When you have a diverse group of people covering the news, you’re going to have a newspaper or newscast that actually resembles America. You can’t stop the woman who was put up for adoption as a baby from wanting to rally behind Pro-Life marches any chance she gets. What you can do, however, is throw in a young man who possibly has different views. And someone who’s Chinese. And African American. And transgender. The best thing you can do is expand the newsroom in a way that every group of people gets representation. You need as many people with as many different ideas and beliefs sitting around the editorial table to get the full picture each day. As a matter of fact, “it has been long argued that the reason Washington Post police reporters Bob Woodward and Carl Bernstein were able to break the Watergate story was because they did not see things in the same way as those on the White House Beat” (Stocking & Gross 24). The only reason Woodward and Bernstein covered this story at first was because it at first presented itself as nothing more than a trivial burglary. Had Ben Bradlee of The Washington Post known the significance of this burglary at the time, he likely never would have assigned these two novices to the story. The veteran White House Beat writers would’ve surely done a better job, but ironically, that turned out to not be true. It took two entirely different sets of eyes to crack the case.

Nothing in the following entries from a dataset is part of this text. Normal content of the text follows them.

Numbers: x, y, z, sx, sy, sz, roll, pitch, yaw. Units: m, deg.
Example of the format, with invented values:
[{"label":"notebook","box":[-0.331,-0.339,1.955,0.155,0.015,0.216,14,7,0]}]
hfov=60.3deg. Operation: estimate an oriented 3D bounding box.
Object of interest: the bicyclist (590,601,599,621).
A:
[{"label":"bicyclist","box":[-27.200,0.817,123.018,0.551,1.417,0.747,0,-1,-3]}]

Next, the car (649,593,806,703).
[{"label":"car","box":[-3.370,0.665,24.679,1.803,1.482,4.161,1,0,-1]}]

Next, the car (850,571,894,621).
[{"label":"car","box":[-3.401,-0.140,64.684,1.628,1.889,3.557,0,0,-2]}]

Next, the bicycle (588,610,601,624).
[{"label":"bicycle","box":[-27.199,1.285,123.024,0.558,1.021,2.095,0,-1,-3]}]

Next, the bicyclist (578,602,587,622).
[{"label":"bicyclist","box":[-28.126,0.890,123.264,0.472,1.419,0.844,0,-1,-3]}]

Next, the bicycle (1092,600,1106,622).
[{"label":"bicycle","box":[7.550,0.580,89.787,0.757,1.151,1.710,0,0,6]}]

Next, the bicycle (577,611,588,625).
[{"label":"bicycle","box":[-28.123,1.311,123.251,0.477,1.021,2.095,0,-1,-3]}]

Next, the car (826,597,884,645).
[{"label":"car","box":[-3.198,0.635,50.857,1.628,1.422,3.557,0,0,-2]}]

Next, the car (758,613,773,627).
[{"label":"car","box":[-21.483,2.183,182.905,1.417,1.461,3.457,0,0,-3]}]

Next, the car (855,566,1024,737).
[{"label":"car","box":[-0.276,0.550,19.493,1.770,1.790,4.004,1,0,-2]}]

Of course, diversifying the newsroom is not going to solve the problem entirely. With deadlines, space constraints, and specific news policies, journalists are often swimming against a very strong current. They might not always have the time to explore all the sides they would like to explore and definitely don’t have the room to say all the things they would like to say. However, this is of no fault to the journalist and has absolutely nothing to do with bias. Believe it or not, far greater hindrances exist in the world of journalism than bias. For instance, Eric Alterman says that “most reporters are ignorant about most things, which is rarely seen as a barrier to coverage.” No one really speaks about these journalistic constraints, simply because it does not fit their narrative. A so-called “biased media” has become one of the most powerful political weapons, whether or not those claims are warranted.

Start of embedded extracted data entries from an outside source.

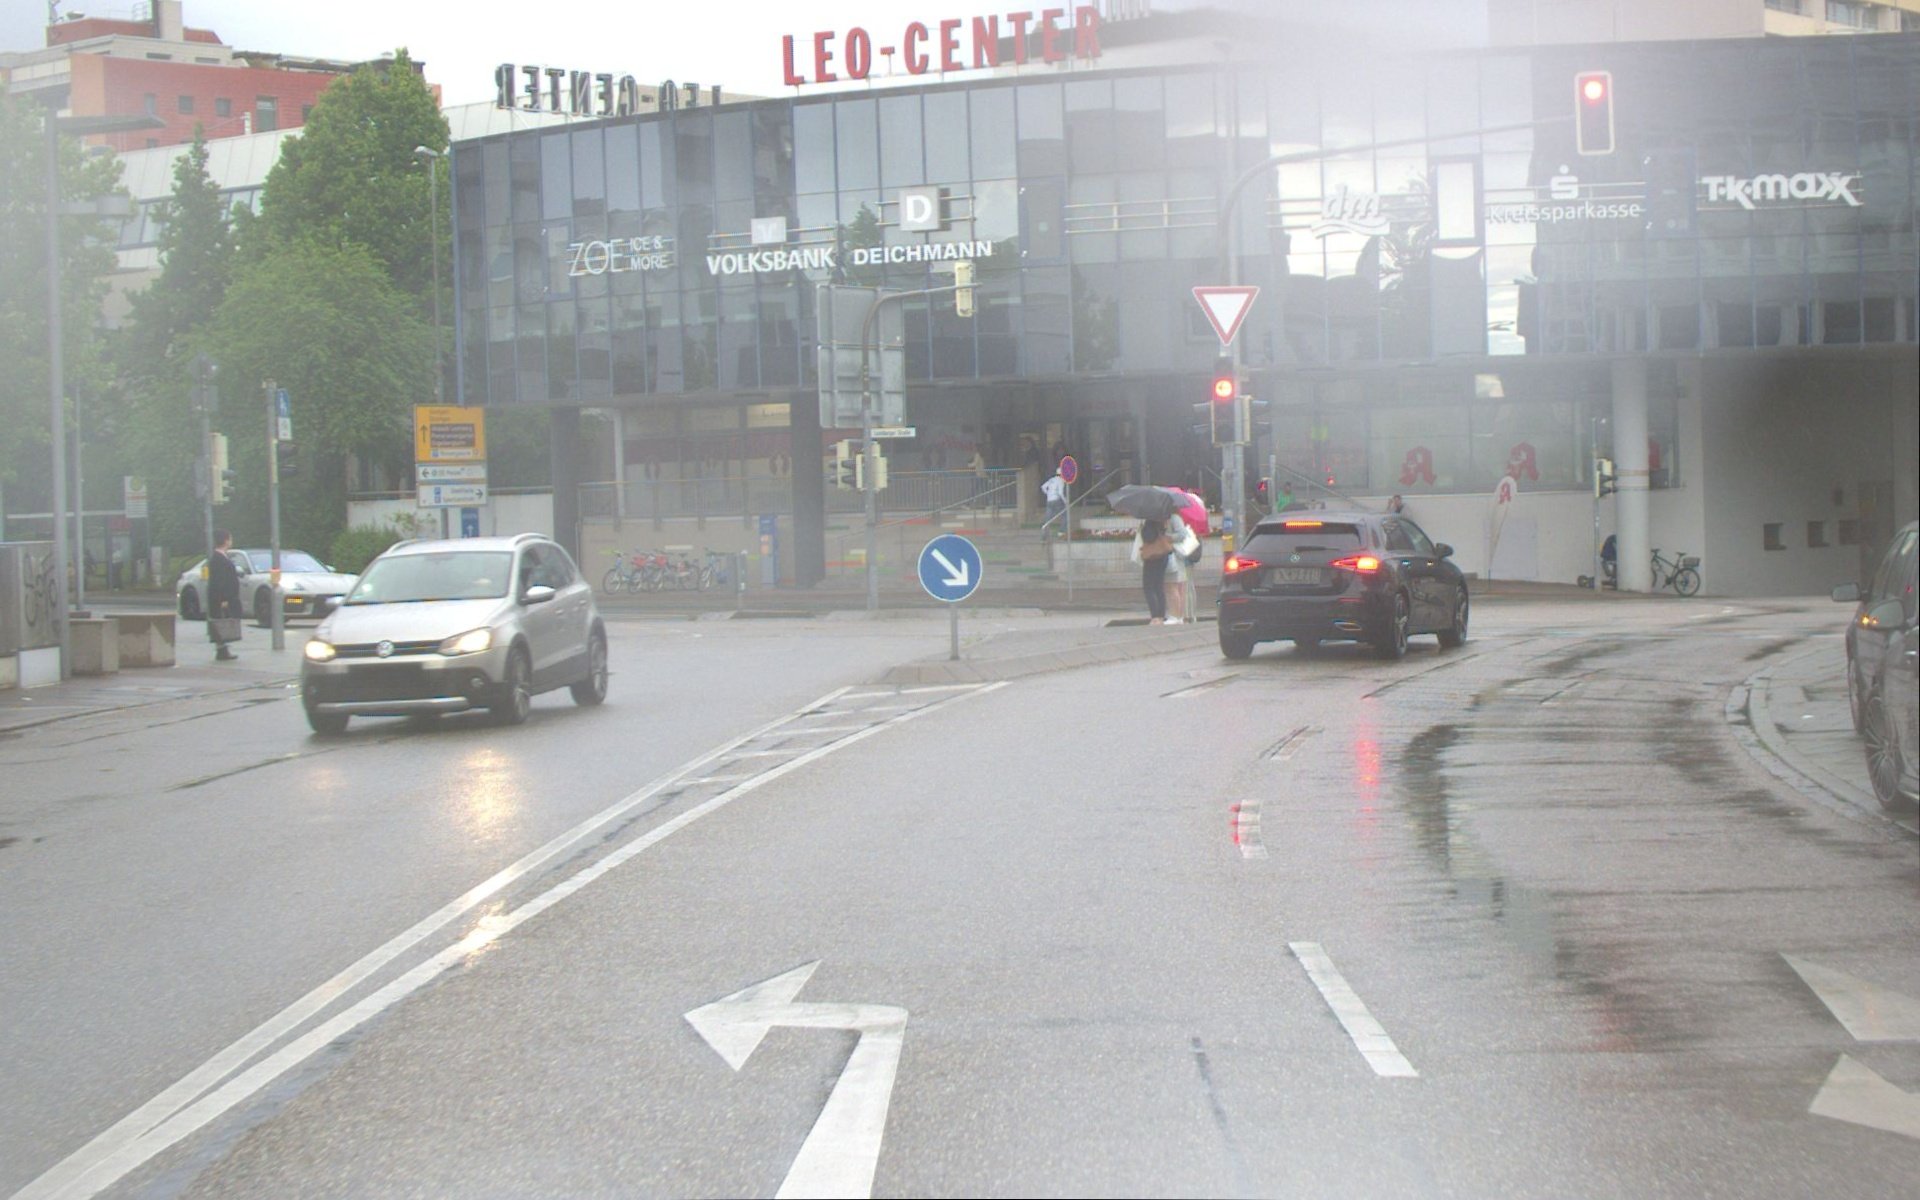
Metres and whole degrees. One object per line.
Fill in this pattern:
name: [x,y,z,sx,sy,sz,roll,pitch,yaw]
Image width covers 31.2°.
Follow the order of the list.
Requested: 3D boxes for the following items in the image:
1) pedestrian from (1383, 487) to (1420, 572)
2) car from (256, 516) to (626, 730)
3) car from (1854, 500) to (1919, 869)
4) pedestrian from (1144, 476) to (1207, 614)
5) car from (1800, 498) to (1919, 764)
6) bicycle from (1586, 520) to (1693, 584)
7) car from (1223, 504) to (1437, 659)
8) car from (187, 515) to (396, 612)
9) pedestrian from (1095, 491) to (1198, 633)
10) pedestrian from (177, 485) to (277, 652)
pedestrian: [10.601,-1.693,82.601,0.788,2.007,0.670,-2,1,11]
car: [-4.093,0.135,27.749,1.825,1.434,3.840,-3,2,9]
car: [5.159,0.340,15.179,1.994,1.528,4.645,0,0,10]
pedestrian: [2.645,-0.678,42.261,0.609,1.653,0.672,2,2,-4]
car: [6.418,0.091,21.837,1.699,1.481,3.999,-4,1,10]
bicycle: [16.190,-1.144,81.948,2.424,1.459,0.656,-1,3,-1]
car: [3.772,-0.226,34.553,1.805,1.414,3.999,-1,2,11]
car: [-12.236,-0.679,62.747,1.994,1.506,4.433,1,3,-37]
pedestrian: [2.245,-0.461,41.417,0.908,1.653,0.755,1,3,-27]
pedestrian: [-9.005,-0.392,42.257,0.749,2.006,0.920,3,1,22]

In the year 2017, Donald Trump has made famous the term, “biased liberal media.” If someone reports something he does not like or does not wish to believe, he simply hurls this phrase into the universe. What many fail to realize is that this is not a new concept. Richard Nixon, for instance, deemed the press the enemy. Of course, the press was not so much an enemy as it was a collective body simply seeking the truth, and journalists were later vindicated when Nixon’s corruption and dishonesty were revealed. Still, it didn’t stop him from bashing the profession of journalism, and Donald Trump has clearly taken a page or two out of Nixon’s playbook.

The press is not perfect and they’re certainly not all gems. They have their own opinions and biases and lives and families that might affect some of the things they say. And they’re going to screw up sometimes, like when Brian Williams fibbed or Dan Rather failed to verify. But we don’t live in a world with a “biased media.” They each might have their own biases and opinions, but collectively, for the most part, they don’t have hidden agendas. Tucker Carlson and Rachel Maddow, arguably, aren’t even journalists. They clearly don’t seek the truth, as they spin the same tired narrative each and every night. They’re not listening to both sides or seeking all the facts. People like Carlson and Maddow actually do a disservice to journalists everywhere because they give everyone a false impression of what journalism is all about. They turn it into some sort of political game full of tunnel vision and cheap shots. Yes, that is something to worry about, but a true journalist is not, and although it’s not possible for anyone to be completely objective, his reporting will be. A true journalist will have his own set of beliefs, opinions, and viewpoints, but he will report not because of them, but in spite of them.